The biggest danger is from sideloaded system apps, which have more privileges than regular Android apps. System apps can effectively take over the phone completely to use any of its services or devices as well as to access any installed app and its data. Depending on the phone, however, the system apps may be stored in a read-only part of the system, so it would require a full Android update to change. But there is plenty of damage that a regular app can do, depending on the permissions required when it was installed. Attackers would seem likely to choose to compromise apps with numerous permissions when (ab)using this vulnerability.

In some sense, though, the vulnerability doesn't give the apps any more privileges than they already have. A malicious app (either system or regular) could already perform any of the actions that a compromised app could perform. The difference is that apps in the Play store, or those installed by phone vendors, are not expected to join botnets, send contact information to remote sites, activate the microphone or GPS without user approval, or any other "tricks" that an attacker might want to do.

By giving permission to apps (either explicitly when installing them or implicitly by buying a phone with system apps installed), the user is allowing various types of activities.

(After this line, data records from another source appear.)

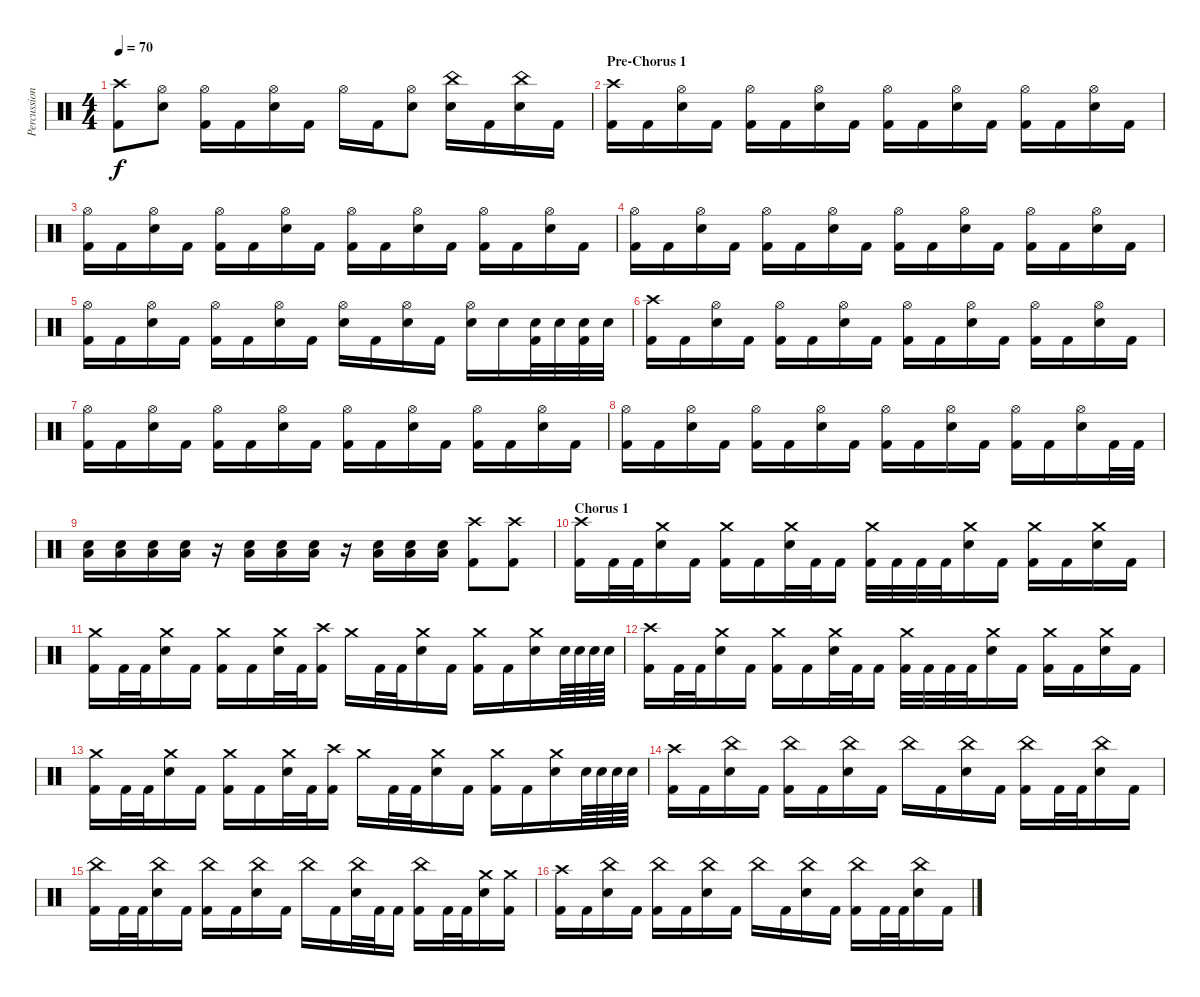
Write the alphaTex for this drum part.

\track ("Percussion" "Percussion") {instrument percussion}
\staff {score}
\articulation defaults
\ts (4 4)
\tempo 70
\clef neutral
\ks c
("Kick (hit) 2" "Crash high (hit)").8{dy f} ("Electric Snare (hit)" "Hi-Hat (open)").8 ("Kick (hit) 2" "Hi-Hat (open)").16 "Kick (hit) 2".16 ("Electric Snare (hit)" "Hi-Hat (open)").16 "Kick (hit) 2".16 "Hi-Hat (open)".16 "Kick (hit) 2".16 ("Electric Snare (hit)" "Hi-Hat (open)").8 ("Electric Snare (hit)" "China (hit)").16 "Kick (hit) 2".16 ("Electric Snare (hit)" "China (hit)").16 "Kick (hit) 2".16 |
\section ("" "Pre-Chorus 1")
("Kick (hit) 2" "Crash high (hit)").16 "Kick (hit) 2".16 ("Electric Snare (hit)" "Hi-Hat (open)").16 "Kick (hit) 2".16 ("Kick (hit) 2" "Hi-Hat (open)").16 "Kick (hit) 2".16 ("Electric Snare (hit)" "Hi-Hat (open)").16 "Kick (hit) 2".16 ("Kick (hit) 2" "Hi-Hat (open)").16 "Kick (hit) 2".16 ("Electric Snare (hit)" "Hi-Hat (open)").16 "Kick (hit) 2".16 ("Kick (hit) 2" "Hi-Hat (open)").16 "Kick (hit) 2".16 ("Electric Snare (hit)" "Hi-Hat (open)").16 "Kick (hit) 2".16 |
("Kick (hit) 2" "Hi-Hat (open)").16 "Kick (hit) 2".16 ("Electric Snare (hit)" "Hi-Hat (open)").16 "Kick (hit) 2".16 ("Kick (hit) 2" "Hi-Hat (open)").16 "Kick (hit) 2".16 ("Electric Snare (hit)" "Hi-Hat (open)").16 "Kick (hit) 2".16 ("Kick (hit) 2" "Hi-Hat (open)").16 "Kick (hit) 2".16 ("Electric Snare (hit)" "Hi-Hat (open)").16 "Kick (hit) 2".16 ("Kick (hit) 2" "Hi-Hat (open)").16 "Kick (hit) 2".16 ("Electric Snare (hit)" "Hi-Hat (open)").16 "Kick (hit) 2".16 |
("Kick (hit) 2" "Hi-Hat (open)").16 "Kick (hit) 2".16 ("Electric Snare (hit)" "Hi-Hat (open)").16 "Kick (hit) 2".16 ("Kick (hit) 2" "Hi-Hat (open)").16 "Kick (hit) 2".16 ("Electric Snare (hit)" "Hi-Hat (open)").16 "Kick (hit) 2".16 ("Kick (hit) 2" "Hi-Hat (open)").16 "Kick (hit) 2".16 ("Electric Snare (hit)" "Hi-Hat (open)").16 "Kick (hit) 2".16 ("Kick (hit) 2" "Hi-Hat (open)").16 "Kick (hit) 2".16 ("Electric Snare (hit)" "Hi-Hat (open)").16 "Kick (hit) 2".16 |
("Kick (hit) 2" "Hi-Hat (open)").16 "Kick (hit) 2".16 ("Electric Snare (hit)" "Hi-Hat (open)").16 "Kick (hit) 2".16 ("Kick (hit) 2" "Hi-Hat (open)").16 "Kick (hit) 2".16 ("Electric Snare (hit)" "Hi-Hat (open)").16 "Kick (hit) 2".16 ("Electric Snare (hit)" "Hi-Hat (open)").16 "Kick (hit) 2".16 ("Electric Snare (hit)" "Hi-Hat (open)").16 "Kick (hit) 2".16 ("Electric Snare (hit)" "Hi-Hat (open)").16 "Electric Snare (hit)".16 ("Electric Snare (hit)" "Kick (hit) 2").32 "Electric Snare (hit)".32 ("Electric Snare (hit)" "Kick (hit) 2").32 "Electric Snare (hit)".32 |
("Kick (hit) 2" "Crash high (hit)").16 "Kick (hit) 2".16 ("Electric Snare (hit)" "Hi-Hat (open)").16 "Kick (hit) 2".16 ("Kick (hit) 2" "Hi-Hat (open)").16 "Kick (hit) 2".16 ("Electric Snare (hit)" "Hi-Hat (open)").16 "Kick (hit) 2".16 ("Kick (hit) 2" "Hi-Hat (open)").16 "Kick (hit) 2".16 ("Electric Snare (hit)" "Hi-Hat (open)").16 "Kick (hit) 2".16 ("Kick (hit) 2" "Hi-Hat (open)").16 "Kick (hit) 2".16 ("Electric Snare (hit)" "Hi-Hat (open)").16 "Kick (hit) 2".16 |
("Kick (hit) 2" "Hi-Hat (open)").16 "Kick (hit) 2".16 ("Electric Snare (hit)" "Hi-Hat (open)").16 "Kick (hit) 2".16 ("Kick (hit) 2" "Hi-Hat (open)").16 "Kick (hit) 2".16 ("Electric Snare (hit)" "Hi-Hat (open)").16 "Kick (hit) 2".16 ("Kick (hit) 2" "Hi-Hat (open)").16 "Kick (hit) 2".16 ("Electric Snare (hit)" "Hi-Hat (open)").16 "Kick (hit) 2".16 ("Kick (hit) 2" "Hi-Hat (open)").16 "Kick (hit) 2".16 ("Electric Snare (hit)" "Hi-Hat (open)").16 "Kick (hit) 2".16 |
("Kick (hit) 2" "Hi-Hat (open)").16 "Kick (hit) 2".16 ("Electric Snare (hit)" "Hi-Hat (open)").16 "Kick (hit) 2".16 ("Kick (hit) 2" "Hi-Hat (open)").16 "Kick (hit) 2".16 ("Electric Snare (hit)" "Hi-Hat (open)").16 "Kick (hit) 2".16 ("Kick (hit) 2" "Hi-Hat (open)").16 "Kick (hit) 2".16 ("Electric Snare (hit)" "Hi-Hat (open)").16 "Kick (hit) 2".16 ("Kick (hit) 2" "Hi-Hat (open)").16 "Kick (hit) 2".16 ("Electric Snare (hit)" "Hi-Hat (open)").16 "Kick (hit) 2".32 "Kick (hit) 2".32 |
("Electric Snare (hit)" "Low Tom (hit)").16 ("Electric Snare (hit)" "Low Tom (hit)").16 ("Electric Snare (hit)" "Low Tom (hit)").16 ("Electric Snare (hit)" "Low Tom (hit)").16 r.16 ("Electric Snare (hit)" "Low Tom (hit)").16 ("Electric Snare (hit)" "Low Tom (hit)").16 ("Electric Snare (hit)" "Low Tom (hit)").16 r.16 ("Electric Snare (hit)" "Low Tom (hit)").16 ("Electric Snare (hit)" "Low Tom (hit)").16 ("Electric Snare (hit)" "Low Tom (hit)").16 ("Kick (hit) 2" "Crash high (hit)").8 ("Kick (hit) 2" "Crash high (hit)").8 |
\section ("" "Chorus 1")
("Kick (hit) 2" "Crash high (hit)").16 "Kick (hit) 2".32 "Kick (hit) 2".32 ("Electric Snare (hit)" "Crash medium (hit)").16 "Kick (hit) 2".16 ("Kick (hit) 2" "Crash medium (hit)").16 "Kick (hit) 2".16 ("Electric Snare (hit)" "Crash medium (hit)").32 "Kick (hit) 2".32 "Kick (hit) 2".16 ("Kick (hit) 2" "Crash medium (hit)").32 "Kick (hit) 2".32 "Kick (hit) 2".32 "Kick (hit) 2".32 ("Electric Snare (hit)" "Crash medium (hit)").16 "Kick (hit) 2".16 ("Kick (hit) 2" "Crash medium (hit)").16 "Kick (hit) 2".16 ("Electric Snare (hit)" "Crash medium (hit)").16 "Kick (hit) 2".16 |
("Kick (hit) 2" "Crash medium (hit)").16 "Kick (hit) 2".32 "Kick (hit) 2".32 ("Electric Snare (hit)" "Crash medium (hit)").16 "Kick (hit) 2".16 ("Kick (hit) 2" "Crash medium (hit)").16 "Kick (hit) 2".16 ("Electric Snare (hit)" "Crash medium (hit)").32 "Kick (hit) 2".32 ("Kick (hit) 2" "Crash high (hit)").16 "Crash medium (hit)".16 "Kick (hit) 2".32 "Kick (hit) 2".32 ("Electric Snare (hit)" "Crash medium (hit)").16 "Kick (hit) 2".16 ("Kick (hit) 2" "Crash medium (hit)").16 "Kick (hit) 2".16 ("Electric Snare (hit)" "Crash medium (hit)").16 "Electric Snare (hit)".64 "Electric Snare (hit)".64 "Electric Snare (hit)".64 "Electric Snare (hit)".64 |
("Kick (hit) 2" "Crash high (hit)").16 "Kick (hit) 2".32 "Kick (hit) 2".32 ("Electric Snare (hit)" "Crash medium (hit)").16 "Kick (hit) 2".16 ("Kick (hit) 2" "Crash medium (hit)").16 "Kick (hit) 2".16 ("Electric Snare (hit)" "Crash medium (hit)").32 "Kick (hit) 2".32 "Kick (hit) 2".16 ("Kick (hit) 2" "Crash medium (hit)").32 "Kick (hit) 2".32 "Kick (hit) 2".32 "Kick (hit) 2".32 ("Electric Snare (hit)" "Crash medium (hit)").16 "Kick (hit) 2".16 ("Kick (hit) 2" "Crash medium (hit)").16 "Kick (hit) 2".16 ("Electric Snare (hit)" "Crash medium (hit)").16 "Kick (hit) 2".16 |
("Kick (hit) 2" "Crash medium (hit)").16 "Kick (hit) 2".32 "Kick (hit) 2".32 ("Electric Snare (hit)" "Crash medium (hit)").16 "Kick (hit) 2".16 ("Kick (hit) 2" "Crash medium (hit)").16 "Kick (hit) 2".16 ("Electric Snare (hit)" "Crash medium (hit)").32 "Kick (hit) 2".32 ("Kick (hit) 2" "Crash high (hit)").16 "Crash medium (hit)".16 "Kick (hit) 2".32 "Kick (hit) 2".32 ("Electric Snare (hit)" "Crash medium (hit)").16 "Kick (hit) 2".16 ("Kick (hit) 2" "Crash medium (hit)").16 "Kick (hit) 2".16 ("Electric Snare (hit)" "Crash medium (hit)").16 "Electric Snare (hit)".64 "Electric Snare (hit)".64 "Electric Snare (hit)".64 "Electric Snare (hit)".64 |
("Kick (hit) 2" "Crash high (hit)").16 "Kick (hit) 2".16 ("Electric Snare (hit)" "China (hit)").16 "Kick (hit) 2".16 ("Kick (hit) 2" "China (hit)").16 "Kick (hit) 2".16 ("Electric Snare (hit)" "China (hit)").16 "Kick (hit) 2".16 "China (hit)".16 "Kick (hit) 2".16 ("Electric Snare (hit)" "China (hit)").16 "Kick (hit) 2".16 ("Kick (hit) 2" "China (hit)").16 "Kick (hit) 2".32 "Kick (hit) 2".32 ("Electric Snare (hit)" "China (hit)").16 "Kick (hit) 2".16 |
("Kick (hit) 2" "China (hit)").16 "Kick (hit) 2".32 "Kick (hit) 2".32 ("Electric Snare (hit)" "China (hit)").16 "Kick (hit) 2".16 ("Kick (hit) 2" "China (hit)").16 "Kick (hit) 2".16 ("Electric Snare (hit)" "China (hit)").16 "Kick (hit) 2".16 "China (hit)".16 "Kick (hit) 2".16 ("Electric Snare (hit)" "China (hit)").32 "Kick (hit) 2".32 "Kick (hit) 2".16 ("Kick (hit) 2" "China (hit)").16 "Kick (hit) 2".32 "Kick (hit) 2".32 ("Electric Snare (hit)" "Crash medium (hit)").16 ("Kick (hit) 2" "Crash medium (hit)").16 |
("Kick (hit) 2" "Crash high (hit)").16 "Kick (hit) 2".16 ("Electric Snare (hit)" "China (hit)").16 "Kick (hit) 2".16 ("Kick (hit) 2" "China (hit)").16 "Kick (hit) 2".16 ("Electric Snare (hit)" "China (hit)").16 "Kick (hit) 2".16 "China (hit)".16 "Kick (hit) 2".16 ("Electric Snare (hit)" "China (hit)").16 "Kick (hit) 2".16 ("Kick (hit) 2" "China (hit)").16 "Kick (hit) 2".32 "Kick (hit) 2".32 ("Electric Snare (hit)" "China (hit)").16 "Kick (hit) 2".16

Apps that violate the expectations will presumably find themselves blocked or removed from the Play store, while misbehaving system apps will, at least, negatively impact the phone vendor or carrier's reputation. Sideloading apps, especially system apps, comes with some inherent risk that may largely not be present when getting them through "normal" channels.

In an interview at the CIO web site, Forristal said that Google blocks Play store apps with duplicate filenames, and Google indicated that none had been found when that blocking began. So the problem exists only for those users who sideload apps from other sites. That may be a minority of Android users, but it still seems like the kind of bug that should have been fixed long ago.

As the CyanogenMod patch indicates, however, Google did fix this in its trees shortly after the report. So far, though, only the Galaxy S4 has been reported to have been updated. The Android Open Source Project (AOSP) code has not been updated with a fix, yet, either. It's a little puzzling why a trivial fix, seemingly with few, if any, downsides, has not seen more proliferation through the Android ecosystem.

In light of Google's disclosure policy, it would seem that the company should have been more forthcoming about this bug. Given that Bluebox is trying to make a splash with the vulnerability at Black Hat, perhaps there was a request—or requirement—to withhold the details, or even existence, of the flaw until after the presentation. If so, it is a sad statement about the state of security vulnerability research and disclosure today.

Cryptographic signing is specifically targeted at preventing precisely this kind of attack, of course. This vulnerability serves as a reminder that it isn't just the cryptographic code that needs vetting, but that all of the steps in the signing and packaging process are important pieces of the puzzle too. In this case, an obscure bug in decoding a decades-old format led to a complete circumvention of the security meant to be provided by the signatures—it makes one wonder what other weird little corner cases lurk out there waiting to be discovered, or exploited.